Each of us must ask ourselves – is it possible that men and women and young people of today reject Jesus and reject the Church because of the way we live and because of the way we fail to witness authentically to Jesus Christ?  Are our lives as individuals and as a Church partly responsible for the fact that others are disillusioned with the Church?  Pope Francis, albeit in another context, warned Christians not, through their own lives, to: “permanently immunise people from the Church”.

          “Who do people say that I am?”  Jesus puts the question twice in the Gospel.  He asks first who do people say that I am?  We see the variety of answers that the disciples present to Jesus. The conclusion is, however, that “the people” get it wrong.  They ask the question, but they fail to get the correct answer.
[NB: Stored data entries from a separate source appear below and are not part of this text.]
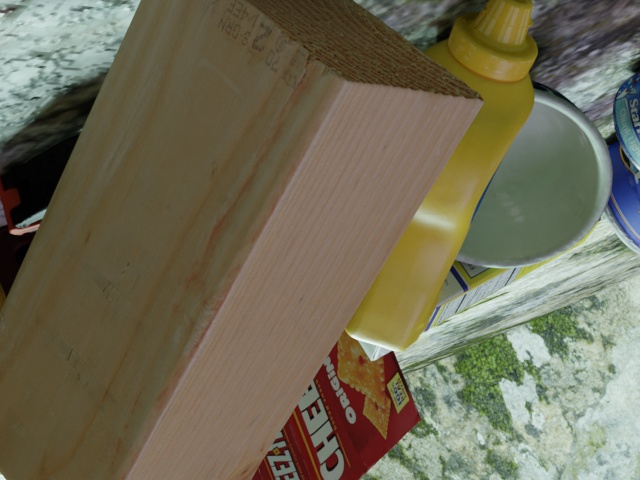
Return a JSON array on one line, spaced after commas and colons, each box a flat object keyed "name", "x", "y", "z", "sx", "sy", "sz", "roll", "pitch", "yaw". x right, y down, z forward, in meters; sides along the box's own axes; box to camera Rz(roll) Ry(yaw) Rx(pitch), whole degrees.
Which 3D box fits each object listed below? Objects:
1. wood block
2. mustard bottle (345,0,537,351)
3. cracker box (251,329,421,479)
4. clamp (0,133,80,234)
[{"name": "wood block", "x": -0.043, "y": 0.008, "z": 0.398, "sx": 0.090, "sy": 0.090, "sz": 0.206, "roll": -5, "pitch": 132, "yaw": -54}, {"name": "mustard bottle", "x": 0.060, "y": -0.040, "z": 0.538, "sx": 0.058, "sy": 0.096, "sz": 0.192, "roll": 19, "pitch": 128, "yaw": -2}, {"name": "cracker box", "x": -0.006, "y": 0.113, "z": 0.874, "sx": 0.072, "sy": 0.164, "sz": 0.213, "roll": -22, "pitch": 179, "yaw": 26}, {"name": "clamp", "x": -0.061, "y": -0.039, "z": 0.501, "sx": 0.171, "sy": 0.039, "sz": 0.120, "roll": -16, "pitch": 163, "yaw": 8}]
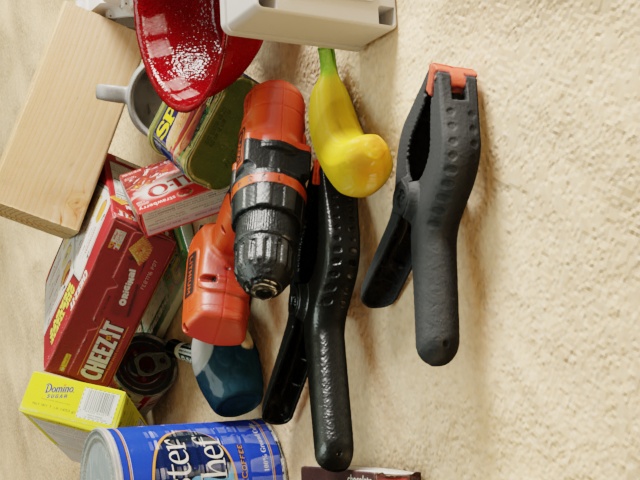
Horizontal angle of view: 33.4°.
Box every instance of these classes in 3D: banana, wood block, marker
[{"bbox_3d":[0.015,-0.066,0.693,0.198,0.037,0.069,-111,6,-61],"label":"banana"},{"bbox_3d":[-0.250,-0.115,1.050,0.090,0.090,0.206,-13,58,69],"label":"wood block"},{"bbox_3d":[-0.119,0.107,1.002,0.121,0.020,0.020,1,90,62],"label":"marker"}]

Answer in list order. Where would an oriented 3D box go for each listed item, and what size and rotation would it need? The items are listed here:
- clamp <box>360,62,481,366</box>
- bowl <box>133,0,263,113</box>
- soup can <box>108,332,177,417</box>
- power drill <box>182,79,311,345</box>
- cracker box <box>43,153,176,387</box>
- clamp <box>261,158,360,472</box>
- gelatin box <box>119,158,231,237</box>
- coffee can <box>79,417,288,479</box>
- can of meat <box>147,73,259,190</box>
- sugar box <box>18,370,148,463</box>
[{"bbox_3d":[0.065,-0.014,0.627,0.120,0.039,0.171,-131,47,-58],"label":"clamp"},{"bbox_3d":[-0.083,-0.177,0.792,0.162,0.055,0.162,19,112,56],"label":"bowl"},{"bbox_3d":[-0.194,0.144,1.092,0.102,0.068,0.068,-48,48,52],"label":"soup can"},{"bbox_3d":[-0.055,0.001,0.794,0.188,0.057,0.184,120,159,-49],"label":"power drill"},{"bbox_3d":[-0.212,0.023,1.056,0.164,0.072,0.214,-63,22,13],"label":"cracker box"},{"bbox_3d":[-0.006,0.050,0.759,0.165,0.036,0.210,165,110,-71],"label":"clamp"},{"bbox_3d":[-0.126,-0.045,0.945,0.073,0.089,0.030,-126,20,-51],"label":"gelatin box"},{"bbox_3d":[-0.110,0.197,0.851,0.103,0.140,0.103,-4,86,63],"label":"coffee can"},{"bbox_3d":[-0.092,-0.101,0.896,0.102,0.057,0.084,-61,36,9],"label":"can of meat"},{"bbox_3d":[-0.215,0.181,1.027,0.176,0.093,0.048,82,-158,-66],"label":"sugar box"}]

It is only with the second question that the identity of Jesus emerges, when he asks his disciples: who do you say that I am?   Often in the Gospel, Jesus poses a question to the crowd, to people in general, and then to those who have established a bond and a relationship with him.   Jesus then uses the different answers to point to the radical nature of his identity, which can only be discovered within the context of a community of faith.  Finding the answer to questions about the identity of Jesus is not like responding to the question of a quiz Show.  It is not about information and memory:  it can only be answered when we enter into a living relationship with Jesus.  Only then do we know who Jesus really is.

But let us not be too critical of the crowd who get it wrong.   Let us look more closely at their answers.   They do not get it right, but they are not completely off the point.  They do not answer that Jesus is a politician, or a pop star or a fascinating personality.    The answers all refer to biblical figures and all of these biblical figures are figures who, in their way and in their own times, pointed – under God’s inspiration - the way to Jesus.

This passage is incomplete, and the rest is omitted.